■ What you have to do ■
Leave out the pictures and output exactly the lines below from the one with "text 5 [224, 1521, 236, 1551]" down to the one with "table_cell Tipo [521, 119, 720, 187]", both of them included.
+===+
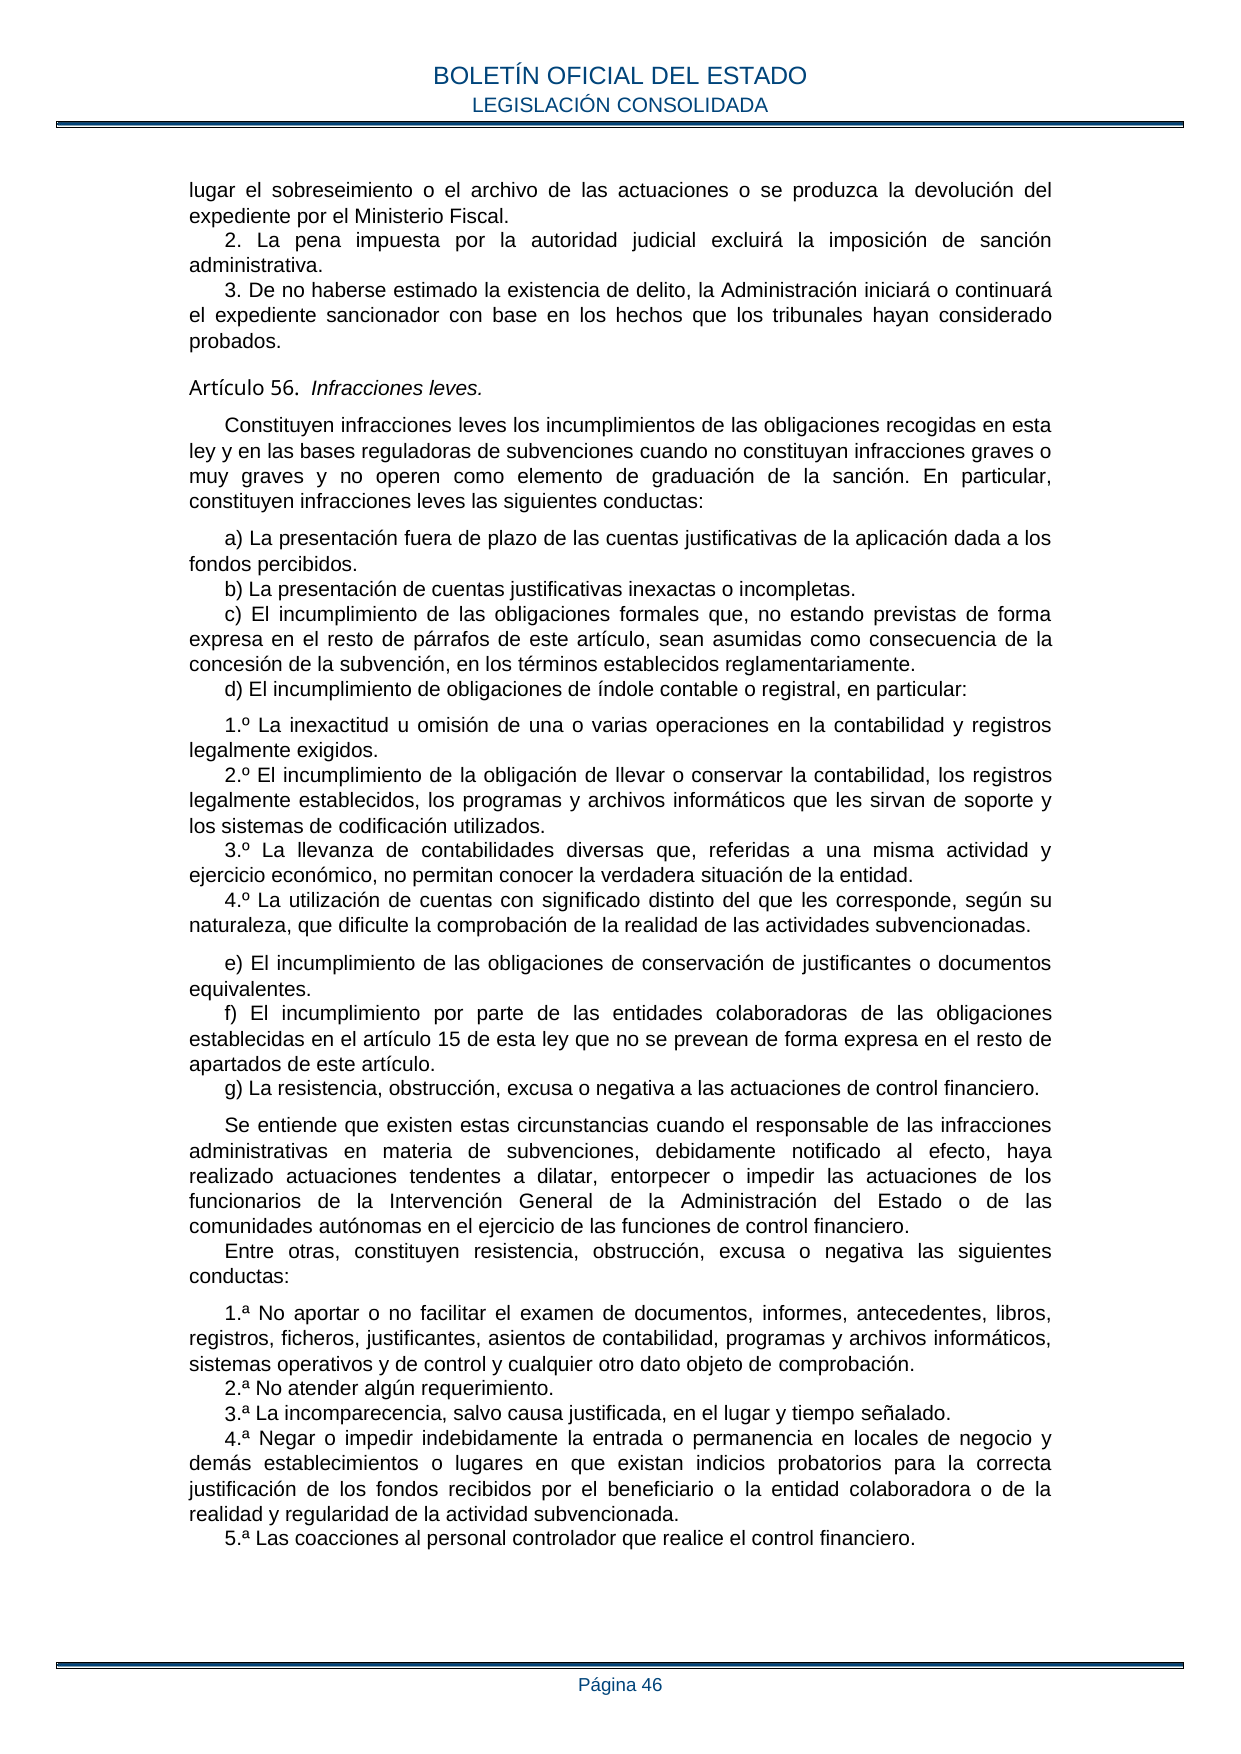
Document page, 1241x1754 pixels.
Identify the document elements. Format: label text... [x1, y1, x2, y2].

text 3. De no haberse estimado la existencia de delito, la Administración iniciará o continuará [224, 273, 1076, 298]
text realizado actuaciones tendentes a dilatar, entorpecer o impedir las actuaciones de los [189, 1163, 1076, 1188]
picture [57, 122, 1183, 127]
text Entre otras, constituyen resistencia, obstrucción, excusa o negativa las siguientes [224, 1238, 1076, 1263]
text 1 [224, 1296, 236, 1321]
text Constituyen infracciones leves los incumplimientos de las obligaciones recogidas en esta [224, 409, 1076, 438]
text 4 [224, 884, 236, 909]
picture [57, 1663, 1183, 1668]
text .ª Negar o impedir indebidamente la entrada o permanencia en locales de negocio y [236, 1421, 1076, 1446]
text Página 46 [578, 1670, 687, 1697]
text establecidas en el artículo 15 de esta ley que no se prevean de forma expresa en el resto de [189, 1026, 1076, 1051]
text registros, ficheros, justificantes, asientos de contabilidad, programas y archivos informáticos, [189, 1321, 1076, 1351]
text 4 [224, 1426, 236, 1446]
text LEGISLACIÓN CONSOLIDADA [472, 89, 793, 118]
text los sistemas de codificación utilizados. [189, 813, 1076, 838]
text justificación de los fondos recibidos por el beneficiario o la entidad colaboradora o de la [189, 1476, 1076, 1501]
text constituyen infracciones leves las siguientes conductas: [189, 488, 1076, 513]
text b) La presentación de cuentas justificativas inexactas o incompletas. [224, 576, 1076, 601]
text 2 [224, 759, 236, 784]
text ejercicio económico, no permitan conocer la verdadera situación de la entidad. [189, 859, 939, 888]
text .º La llevanza de contabilidades diversas que, referidas a una misma actividad y [236, 834, 1076, 863]
text demás establecimientos o lugares en que existan indicios probatorios para la correcta [189, 1446, 1076, 1476]
text lugar el sobreseimiento o el archivo de las actuaciones o se produzca la devolución del [189, 173, 1076, 203]
text . La pena impuesta por la autoridad judicial excluirá la imposición de sanción [236, 223, 1076, 253]
text legalmente establecidos, los programas y archivos informáticos que les sirvan de soporte y [189, 784, 1076, 813]
text e) El incumplimiento de las obligaciones de conservación de justificantes o documentos [224, 946, 1076, 976]
text d) El incumplimiento de obligaciones de índole contable o registral, en particular: [224, 676, 1076, 701]
text .º La utilización de cuentas con significado distinto del que les corresponde, según su [236, 884, 1076, 913]
text expediente por el Ministerio Fiscal. [189, 203, 1076, 228]
text equivalentes. [189, 976, 1076, 1001]
text realidad y regularidad de la actividad subvencionada. [189, 1501, 1076, 1526]
text fondos percibidos. [189, 551, 1076, 576]
text 1 [224, 709, 236, 734]
text naturaleza, que dificulte la comprobación de la realidad de las actividades subvencionadas. [189, 909, 1057, 938]
text sistemas operativos y de control y cualquier otro dato objeto de comprobación. [189, 1351, 1076, 1376]
text f) El incumplimiento por parte de las entidades colaboradoras de las obligaciones [224, 996, 1076, 1026]
text c) El incumplimiento de las obligaciones formales que, no estando previstas de forma [224, 601, 1076, 626]
text ley y en las bases reguladoras de subvenciones cuando no constituyan infracciones graves o [189, 438, 1076, 463]
text .ª La incomparecencia, salvo causa justificada, en el lugar y tiempo señalado. [236, 1396, 976, 1421]
text 2 [224, 223, 236, 248]
text probados. [189, 328, 1076, 353]
text 2 [224, 1371, 236, 1401]
text muy graves y no operen como elemento de graduación de la sanción. En particular, [189, 463, 1076, 488]
text Artículo 56. Infracciones leves. [189, 372, 512, 402]
text BOLETÍN OFICIAL DEL ESTADO [433, 56, 832, 92]
text expresa en el resto de párrafos de este artículo, sean asumidas como consecuencia de la [189, 626, 1076, 651]
text 3 [224, 1401, 236, 1426]
text apartados de este artículo. [189, 1051, 1076, 1076]
text conductas: [189, 1263, 1076, 1288]
text g) La resistencia, obstrucción, excusa o negativa a las actuaciones de control financiero. [224, 1071, 1066, 1101]
text .ª No atender algún requerimiento. [236, 1371, 579, 1396]
text administrativas en materia de subvenciones, debidamente notificado al efecto, haya [189, 1138, 1076, 1163]
text .º La inexactitud u omisión de una o varias operaciones en la contabilidad y registros [236, 709, 1076, 738]
text comunidades autónomas en el ejercicio de las funciones de control financiero. [189, 1213, 1076, 1238]
text concesión de la subvención, en los términos establecidos reglamentariamente. [189, 651, 1076, 676]
text Se entiende que existen estas circunstancias cuando el responsable de las infracciones [224, 1109, 1076, 1138]
text 5 [224, 1521, 236, 1551]
text .ª Las coacciones al personal controlador que realice el control financiero. [236, 1521, 941, 1551]
text a) La presentación fuera de plazo de las cuentas justificativas de la aplicación dada a los [224, 521, 1076, 551]
text 3 [224, 834, 236, 859]
text administrativa. [189, 248, 348, 278]
text legalmente exigidos. [189, 734, 404, 763]
text el expediente sancionador con base en los hechos que los tribunales hayan considerado [189, 298, 1076, 328]
text .º El incumplimiento de la obligación de llevar o conservar la contabilidad, los registros [236, 759, 1076, 784]
text funcionarios de la Intervención General de la Administración del Estado o de las [189, 1188, 1076, 1213]
text .ª No aportar o no facilitar el examen de documentos, informes, antecedentes, libros, [236, 1296, 1076, 1321]
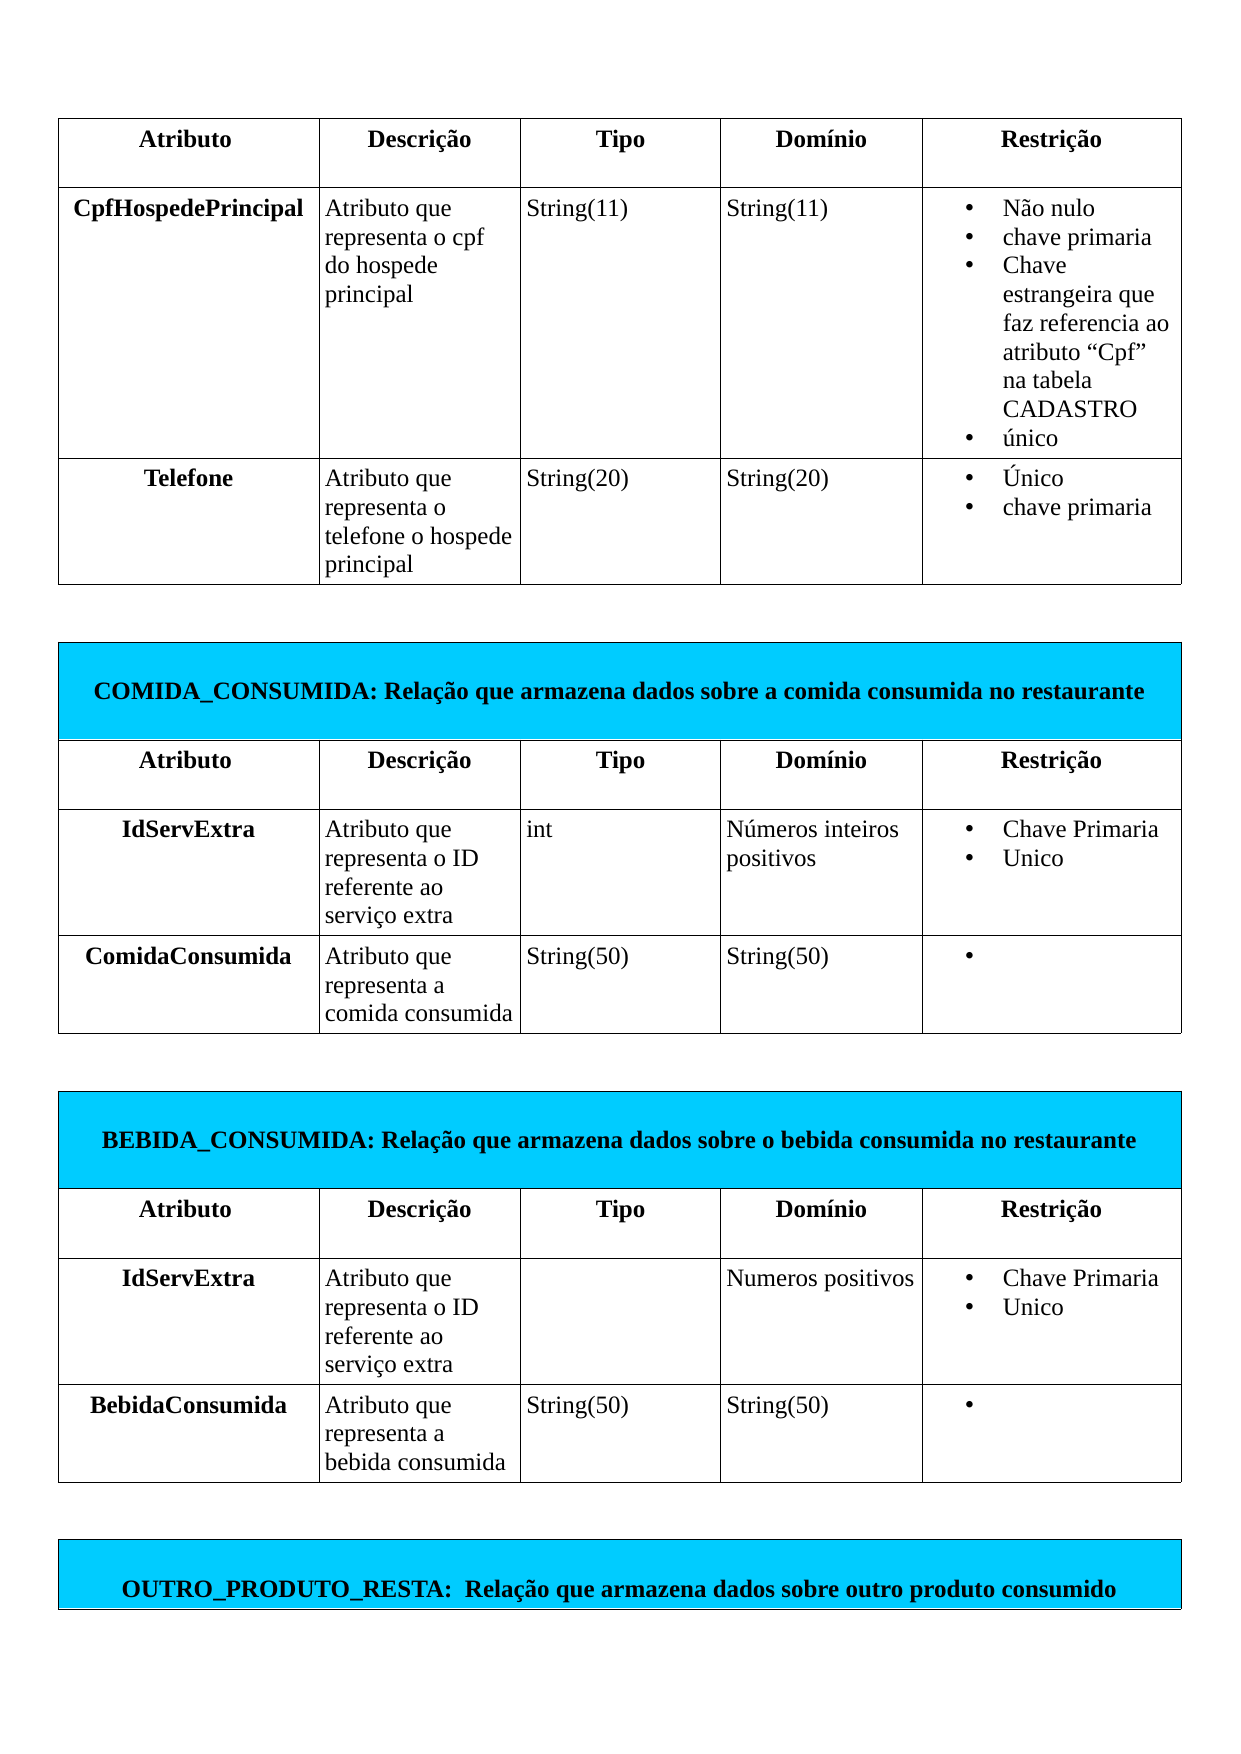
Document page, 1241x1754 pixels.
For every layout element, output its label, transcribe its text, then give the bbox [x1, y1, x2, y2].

table_cell Único chave primaria [923, 459, 1181, 584]
table_cell IdServExtra [59, 810, 319, 935]
table_cell String(20) [721, 459, 922, 584]
table_cell [521, 1259, 720, 1384]
table_cell Tipo [521, 119, 720, 187]
table_cell CpfHospedePrincipal [59, 188, 319, 457]
table_cell int [521, 810, 720, 935]
table_cell Telefone [59, 459, 319, 584]
table_cell Descrição [320, 1189, 520, 1257]
table_cell Números inteiros positivos [721, 810, 922, 935]
table_cell Atributo que representa o ID referente ao serviço extra [320, 1259, 520, 1384]
table_cell Não nulo chave primaria Chave estrangeira que faz referencia ao atributo “Cpf” na tabela CADASTRO único [923, 188, 1181, 457]
table_cell Atributo [59, 1189, 319, 1257]
table_cell Restrição [923, 741, 1181, 808]
table_cell String(11) [721, 188, 922, 457]
table_cell String(20) [521, 459, 720, 584]
table_cell Restrição [923, 119, 1181, 187]
table_cell Domínio [721, 1189, 922, 1257]
table_cell Descrição [320, 119, 520, 187]
table_cell Restrição [923, 1189, 1181, 1257]
table_cell Atributo que representa a comida consumida [320, 936, 520, 1033]
table_cell Chave Primaria Unico [923, 810, 1181, 935]
table_cell String(50) [521, 1385, 720, 1482]
table_cell String(50) [521, 936, 720, 1033]
table_cell Descrição [320, 741, 520, 808]
table_cell Atributo que representa o telefone o hospede principal [320, 459, 520, 584]
table_cell String(11) [521, 188, 720, 457]
table_cell Atributo que representa o ID referente ao serviço extra [320, 810, 520, 935]
table_header COMIDA_CONSUMIDA: Relação que armazena dados sobre a comida consumida no restaurante [59, 643, 1181, 739]
table_cell Atributo [59, 741, 319, 808]
table_header OUTRO_PRODUTO_RESTA: Relação que armazena dados sobre outro produto consumido [59, 1540, 1181, 1608]
table_cell String(50) [721, 936, 922, 1033]
table_cell Atributo que representa o cpf do hospede principal [320, 188, 520, 457]
table_cell Chave Primaria Unico [923, 1259, 1181, 1384]
table_cell String(50) [721, 1385, 922, 1482]
table_cell Domínio [721, 119, 922, 187]
table_cell Numeros positivos [721, 1259, 922, 1384]
table_cell Tipo [521, 741, 720, 808]
table_cell [923, 1385, 1181, 1482]
table_header BEBIDA_CONSUMIDA: Relação que armazena dados sobre o bebida consumida no restaurante [59, 1092, 1181, 1188]
table_cell ComidaConsumida [59, 936, 319, 1033]
table_cell Atributo [59, 119, 319, 187]
table_cell Domínio [721, 741, 922, 808]
table_cell Tipo [521, 1189, 720, 1257]
table_cell IdServExtra [59, 1259, 319, 1384]
table_cell Atributo que representa a bebida consumida [320, 1385, 520, 1482]
table_cell [923, 936, 1181, 1033]
table_cell BebidaConsumida [59, 1385, 319, 1482]
+===+
■ Task solution ■
text 5 [224, 1521, 236, 1551]
text .ª Las coacciones al personal controlador que realice el control financiero. [236, 1521, 941, 1551]
text a) La presentación fuera de plazo de las cuentas justificativas de la aplicación dada a los [224, 521, 1076, 551]
text 3 [224, 834, 236, 859]
text administrativa. [189, 248, 348, 278]
text legalmente exigidos. [189, 734, 404, 763]
text el expediente sancionador con base en los hechos que los tribunales hayan considerado [189, 298, 1076, 328]
text .º El incumplimiento de la obligación de llevar o conservar la contabilidad, los registros [236, 759, 1076, 784]
text funcionarios de la Intervención General de la Administración del Estado o de las [189, 1188, 1076, 1213]
text .ª No aportar o no facilitar el examen de documentos, informes, antecedentes, libros, [236, 1296, 1076, 1321]
Document page, 1241x1754 pixels.
For every layout element, output its label, transcribe its text, then give the bbox [x1, y1, x2, y2].

table_cell Único chave primaria [923, 459, 1181, 584]
table_cell IdServExtra [59, 810, 319, 935]
table_cell String(20) [721, 459, 922, 584]
table_cell [521, 1259, 720, 1384]
table_cell Tipo [521, 119, 720, 187]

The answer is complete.